Background
Born and raised in Hungary, where his family had sought refuge during the Cossack atrocities of 1648-1654, he grew up in a mixed Ashkenazi-Sephardi community that enjoyed the benefits of Turkish rule.
Born and raised in Hungary, where his family had sought refuge during the Cossack atrocities of 1648-1654, he grew up in a mixed Ashkenazi-Sephardi community that enjoyed the benefits of Turkish rule.
Encouraged to familiarize himself with Sephardi practice, he continued his studies farther afield, mainly in Salonika (1676— 1679).
Fate dealt him a cruel blow, when his wife and child were killed during the Hapsburg siege of Buda in 1686. He then fled to Sarajevo, where the Sephardim appointed him their hakham (rabbi), a title that he proudly retained with the adopted surname of Ashkenazi.
The Danish-ruled city of Altona, in northwest Germany, was his home from 1688 until 1709. There he remarried and consolidated his reputation as an eminent scholar in Jewish law, questions being submitted to him from many parts of Europe. One dealt with the Turkish false messiah, Shabbetai Tzevi, and his secret adherents; another insinuated that David Nieto, the Sephardi chief rabbi of London, had preached in favor of Spinozism - a charge that Hakham Tzevi investigated and dismissed (1705).
Hakham Tzevi succeeded his father-in-law as rabbi of Altona-Hamburg-Wandsbeck Triple Community in 1707, but fell sick and resigned two years later when a controversy broke out over one of his more unusual decisions.
In 1710 he was elected chief rabbi of the Ashkenazi Jews in Amsterdam and was welcomed by the local Sephardi magnates and lay leaders. His volume of rabbinic decisions published there in 1712, also drew many compliments from the Sephardi rabbinate, headed by Solomon Ayllon.
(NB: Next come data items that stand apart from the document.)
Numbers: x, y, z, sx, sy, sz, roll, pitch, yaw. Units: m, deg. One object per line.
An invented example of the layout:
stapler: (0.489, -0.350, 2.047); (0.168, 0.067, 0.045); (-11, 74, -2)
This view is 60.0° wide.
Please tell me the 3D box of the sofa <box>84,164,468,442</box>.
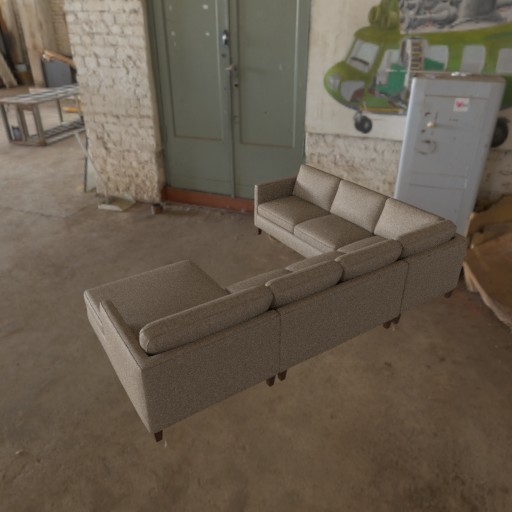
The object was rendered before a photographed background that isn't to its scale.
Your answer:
sofa: (0.000, 0.000, 4.580); (3.403, 0.889, 2.551); (-17, 33, -29)
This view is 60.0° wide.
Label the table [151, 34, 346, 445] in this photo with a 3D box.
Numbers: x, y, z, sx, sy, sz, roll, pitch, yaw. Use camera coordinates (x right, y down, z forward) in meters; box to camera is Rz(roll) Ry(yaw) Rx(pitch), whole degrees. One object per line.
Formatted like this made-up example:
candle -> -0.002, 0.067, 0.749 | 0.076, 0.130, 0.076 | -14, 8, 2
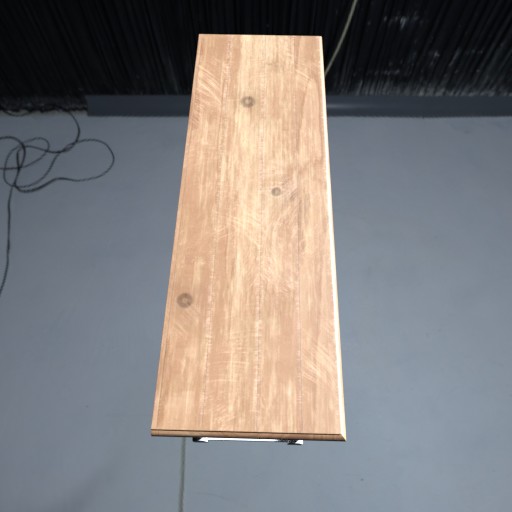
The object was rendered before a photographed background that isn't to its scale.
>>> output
table -> 0.000, 0.000, 1.523 | 0.399, 0.800, 1.219 | 1, 64, 1
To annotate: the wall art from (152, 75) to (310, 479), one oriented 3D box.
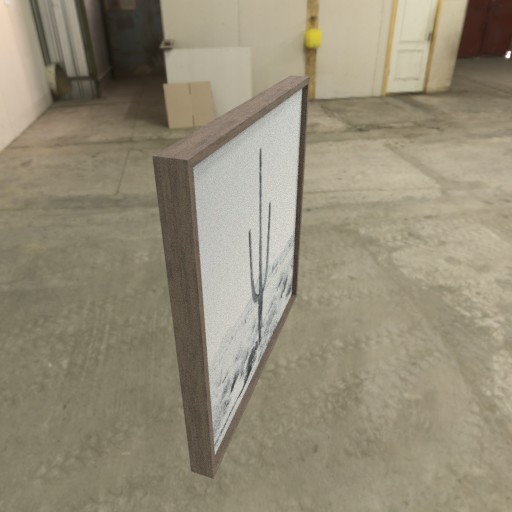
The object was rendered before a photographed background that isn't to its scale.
[{"bbox_3d":[0.000,0.000,0.765,0.038,0.508,0.508,10,32,16],"label":"wall art"}]
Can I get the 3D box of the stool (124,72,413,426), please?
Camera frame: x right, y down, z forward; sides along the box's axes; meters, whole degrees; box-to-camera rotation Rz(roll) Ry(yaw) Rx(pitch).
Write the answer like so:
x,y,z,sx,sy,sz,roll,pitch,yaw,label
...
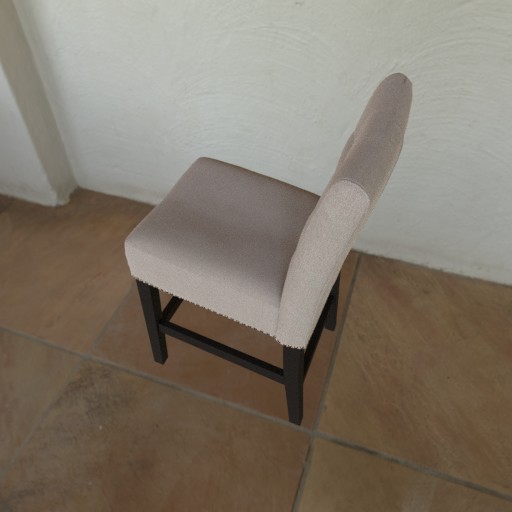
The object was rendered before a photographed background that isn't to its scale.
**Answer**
x,y,z,sx,sy,sz,roll,pitch,yaw,label
0.000,0.000,1.157,0.571,0.885,0.427,17,48,15,stool
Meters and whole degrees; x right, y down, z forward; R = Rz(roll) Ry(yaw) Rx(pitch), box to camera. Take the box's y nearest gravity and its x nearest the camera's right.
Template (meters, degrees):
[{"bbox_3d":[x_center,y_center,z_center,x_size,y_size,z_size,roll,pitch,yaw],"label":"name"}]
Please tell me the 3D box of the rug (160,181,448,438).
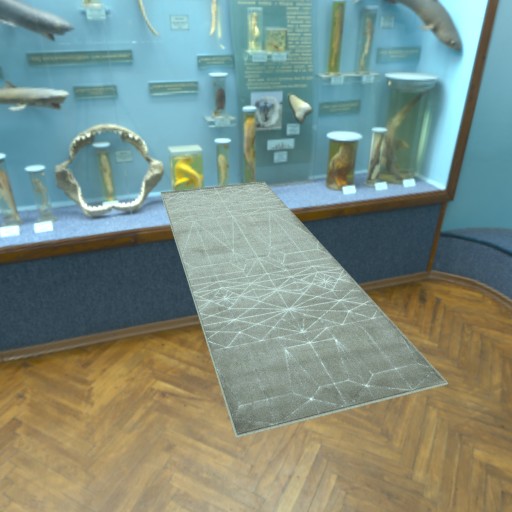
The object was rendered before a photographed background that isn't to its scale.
[{"bbox_3d":[0.000,0.000,2.632,0.864,0.012,2.388,-8,31,-15],"label":"rug"}]
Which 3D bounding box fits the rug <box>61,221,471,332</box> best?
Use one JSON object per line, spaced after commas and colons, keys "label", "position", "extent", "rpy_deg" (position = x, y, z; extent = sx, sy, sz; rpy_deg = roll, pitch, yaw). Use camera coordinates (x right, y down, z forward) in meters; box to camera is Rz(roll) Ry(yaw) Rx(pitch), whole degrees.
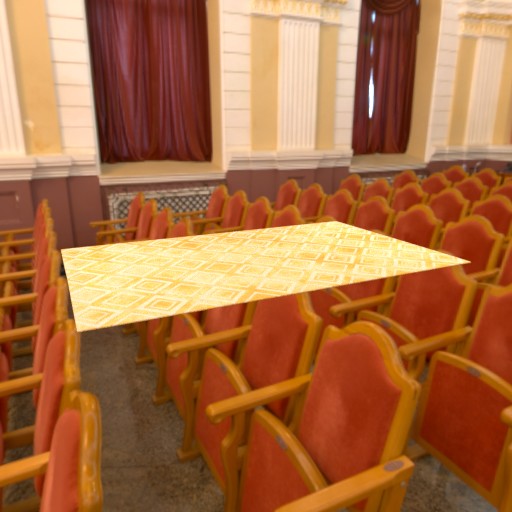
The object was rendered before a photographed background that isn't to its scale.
{"label": "rug", "position": [0.000, 0.000, 3.063], "extent": [2.424, 0.010, 1.511], "rpy_deg": [-7, 17, -25]}
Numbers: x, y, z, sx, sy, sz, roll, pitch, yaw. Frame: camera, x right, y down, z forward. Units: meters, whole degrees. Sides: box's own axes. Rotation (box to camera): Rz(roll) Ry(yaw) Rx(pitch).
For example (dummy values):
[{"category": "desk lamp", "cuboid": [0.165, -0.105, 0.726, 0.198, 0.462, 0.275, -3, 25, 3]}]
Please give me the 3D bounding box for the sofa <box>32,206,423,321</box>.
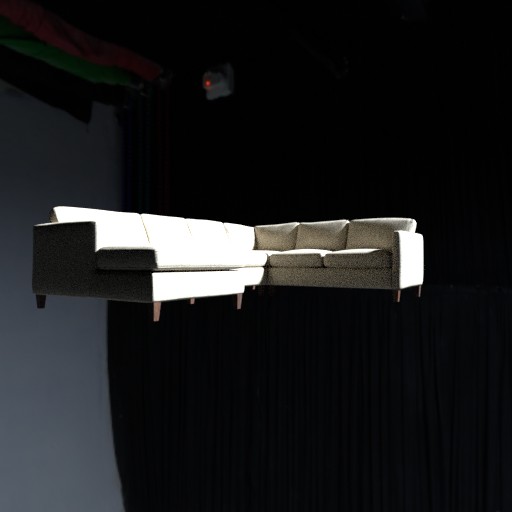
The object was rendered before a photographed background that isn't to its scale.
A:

The following year, however, communal harmony was shattered by the arrival of Nehemiah Hayon, a smooth-tongued follower of Shabbetai Tzevi who had just published a heretical kabbalistic work in Berlin. Hayon asked the Sephardi leaders to permit the sale and distribution of his “learned” book in Amsterdam, but they made this conditional on a rabbinic endorsement. Having reason to suspect their own chief rabbi’s orthodoxy, these lay leaders decided to consult Hakham Tzevi as well as Solomon Ayllon. Without waiting for his Sephardi colleague’s decision in the matter, Hakham Tzevi proceeded to condemn the book as a Shabbatean tract and to excommunicate its author. This high-handed step enraged Ayllon, who made his quarrel with Hakham Tzevi the pretext for a general campaign of incitement against the “Ashkenazi upstarts.”
Rather than continue to endure the violent hostility of his opponents, Hakham Tzevi left Amsterdam in 1714 and accepted the Ashkenazic rabbinate of Lemberg in Poland, where he died a few months after assuming office, worn out and embittered by his experiences.